Question: does the '93 (or any other model) cycle the plugs while the truck is running? Other than that annoying 3 seconds that the light stays on after the engine has started.

Question: What's the best way to manually activate/deactivate the glow plugs? I wouldn't might having it run through the OEM controller, but I just want to be able to completely turn off the circuit the second the truck has started running.

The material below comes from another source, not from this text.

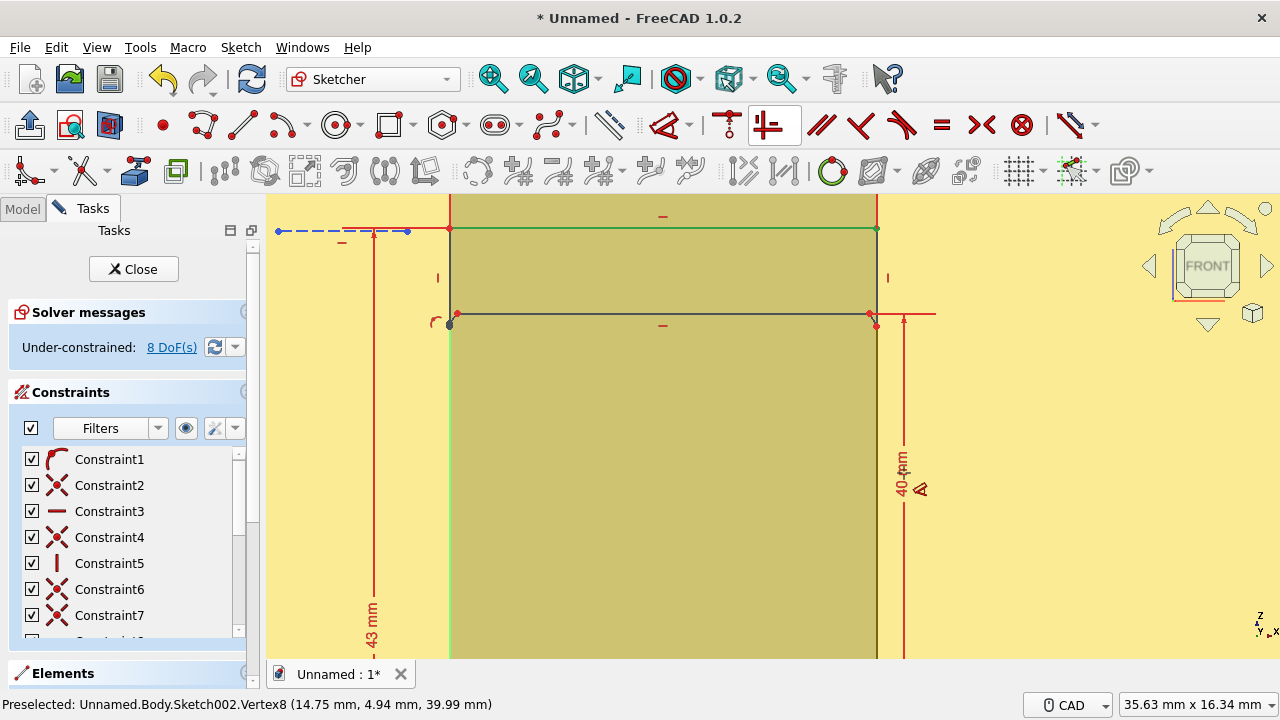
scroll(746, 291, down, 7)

Question: Does anyone have any information on lengthening the amount of time the relay timer normally keeps the glow plugs on? Also, what's the best way to turn the plugs on even when it's warm? I've found that sometimes the glow plugs will not even cycle, and I'm left hard cranking my truck during the summer months.

daustin
07-25-2008, 16:05
Hi there,
Yes the '93 is supposed to cycle the glow plugs after the engine is running if it thinks the coolant temp is low enough.
I've never seen any mod that would apply to turning the glow plugs off after the engine is running.
There are a couple of mods for the ODB-I trucks for the glow plug override, i think its on the Heath or Kennedy web site.
I would add a switch to the existing circuit to manually glow the plugs longer or when warm starting if i wanted to do that.
Also, the '93 trucks have the mechanical IP and have a rep of hard hot starting when the IP headspace gets worn and thus dosen't create a lot of pressure to the injectors on startup.
Hope that helps
Don

gavin8or
07-25-2008, 20:47
Don, a huge help thank you. I've talked with various injection shops that have mechanical IPs which are built to prevent the headspace from getting worn. So I am aware of that problem and the solution I guess.

I guess I'm going to have to read all the options which others have done, and make a plan and go with it. It makes me REALLY angry that I didn't listen to my friend when he told me to have a toggle switch to completely disable the whole glow plug relay, almost a year ago. He has done so on all his fords, but for some reason I figured that there was no way the plugs were turning on without the light turning on. I'm an idiot. Thanks for confirming what we both suspected as soon as we realized how badly my glowplugs had burnt off. I'm going to try some liqui-moly injector cleaner but probably it's going to take more work than that: those glow plugs really did a number.

JohnC
07-28-2008, 11:08
If the light works and it's not on then the glow plugs aren't on either. The light is powered by the switched side of the glow plug relay, just as the plugs are.

NH2112
07-28-2008, 11:49
Thanks Robyn,
Do you have a particular model/year or part number for the Ford starter relay? I assume this would be wired with the high current side in parallel with the Glow Plug Controller, across the copper stud terminals, correct?
Steve

Just pick up a 12V universal relay from NAPA, such as part number ST81. Some have a grounded base and some have to be grounded, but it'll work just fine. I use them on everything at work.